> **Assignment**: With the pictures left out, please write out exactly each line from the one containing "You are a computer-use" through the end of the material.
* * *
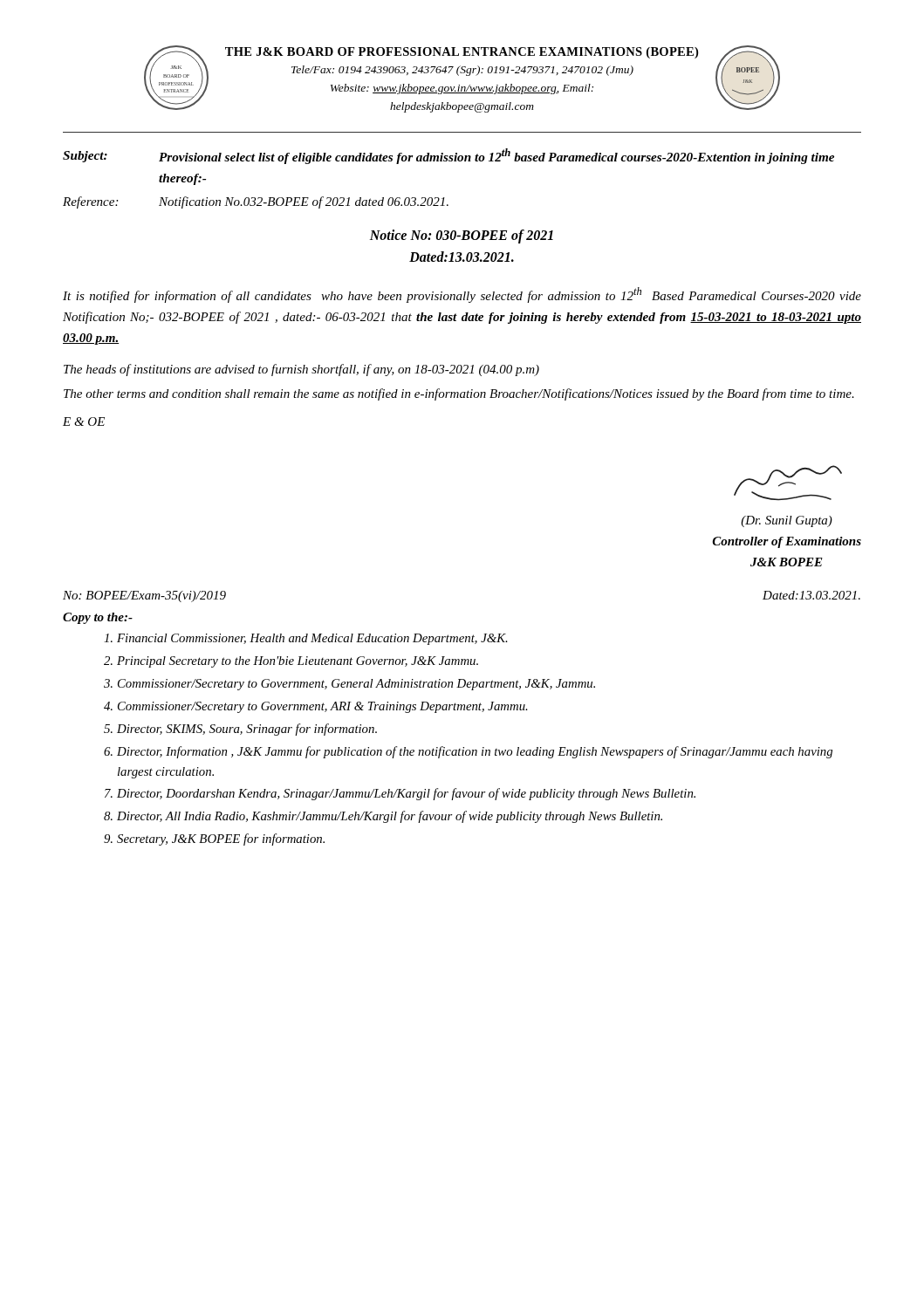Click the passage that begins "4. Commissioner/Secretary to Government, ARI &"
The height and width of the screenshot is (1309, 924).
(476, 706)
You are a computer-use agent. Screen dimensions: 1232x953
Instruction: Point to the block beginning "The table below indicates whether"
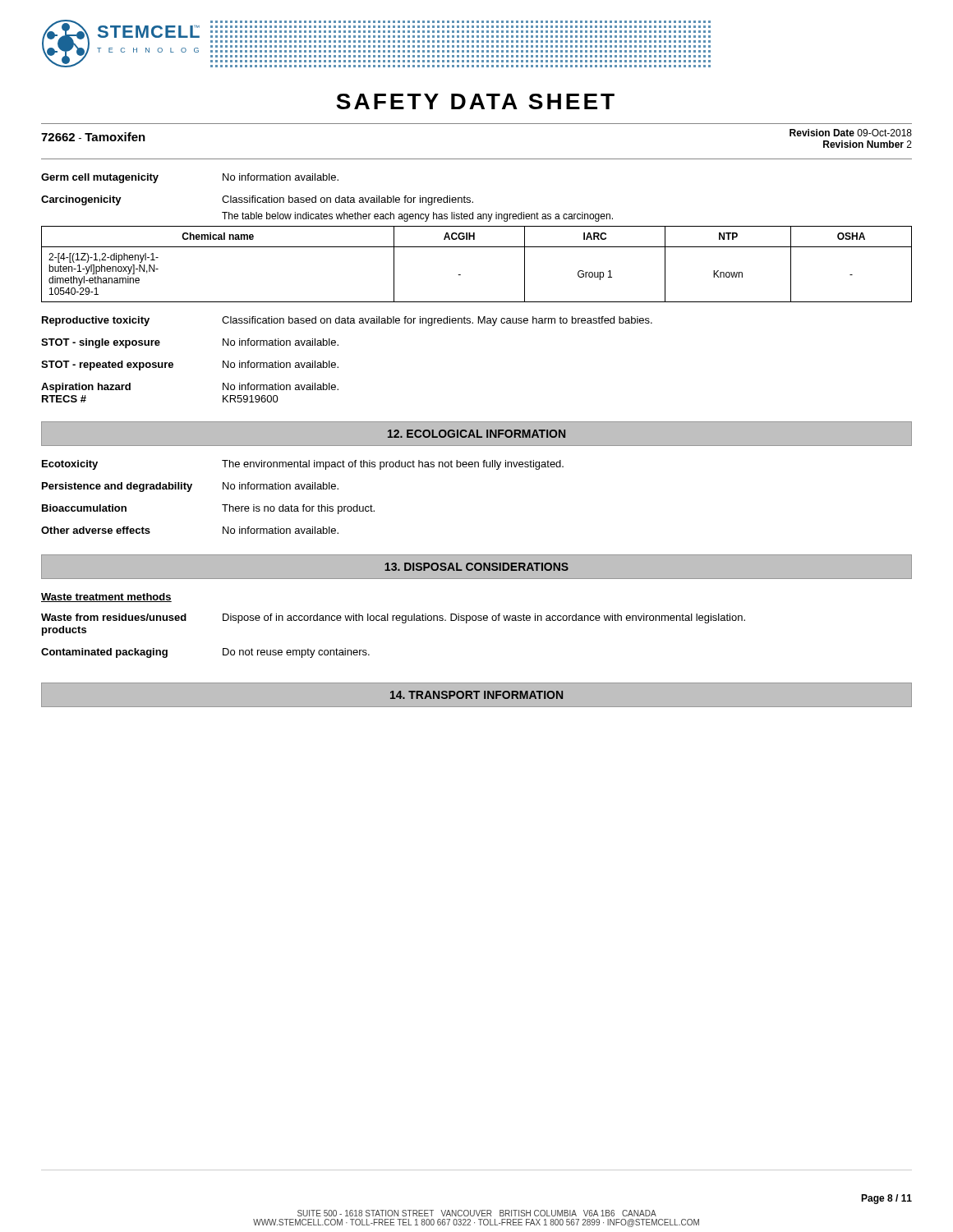coord(418,216)
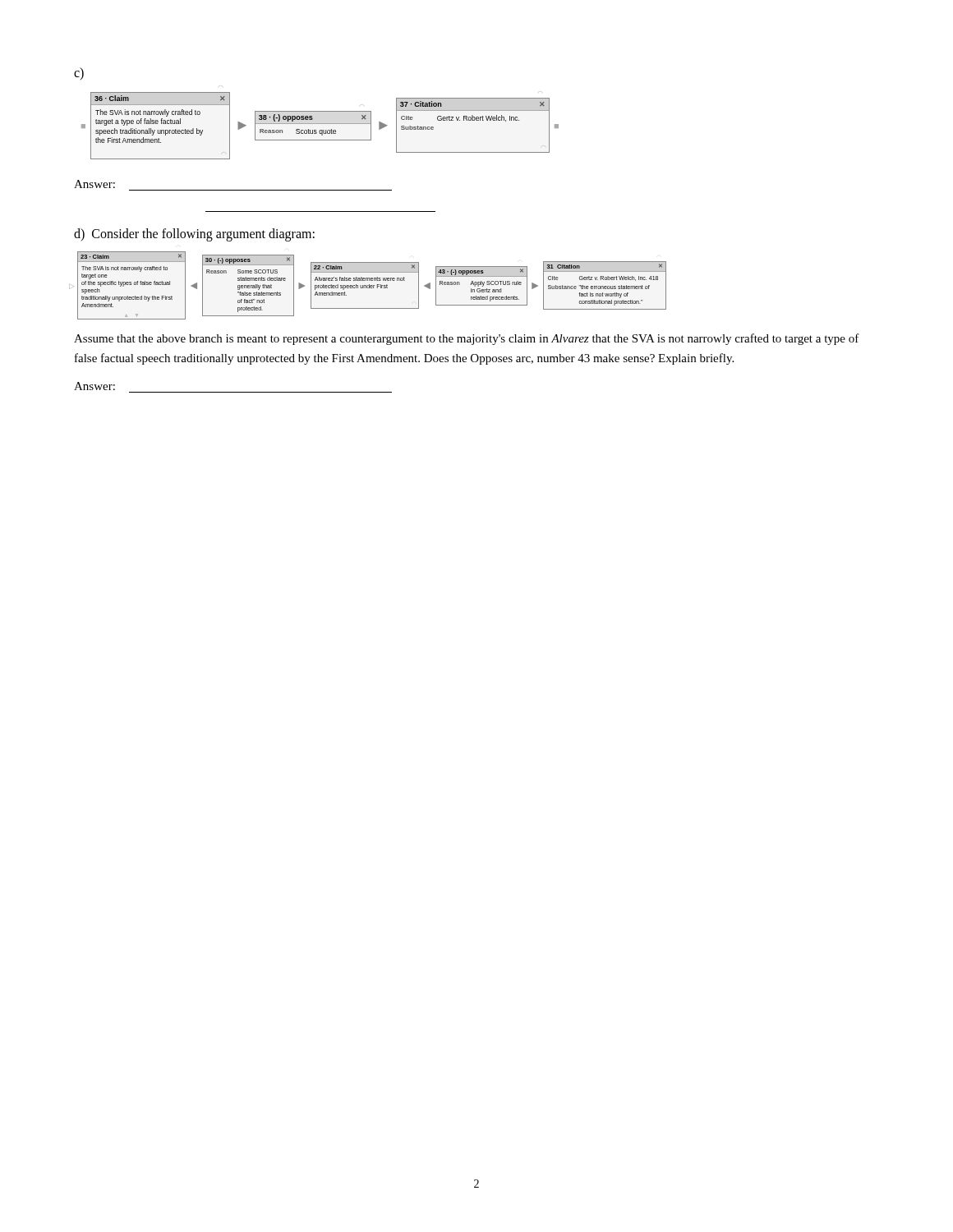Viewport: 953px width, 1232px height.
Task: Point to the block beginning "Assume that the above branch is meant to"
Action: click(466, 348)
* * *
> **Output of the exercise**:
You are a computer-use agent. Screen dimensions: 1232x953
Instruction: Point to the block beginning "The table below indicates whether"
coord(418,216)
Viewport: 953px width, 1232px height.
Task: Point to the block beginning "Assume that the above branch is meant to"
Action: click(466, 348)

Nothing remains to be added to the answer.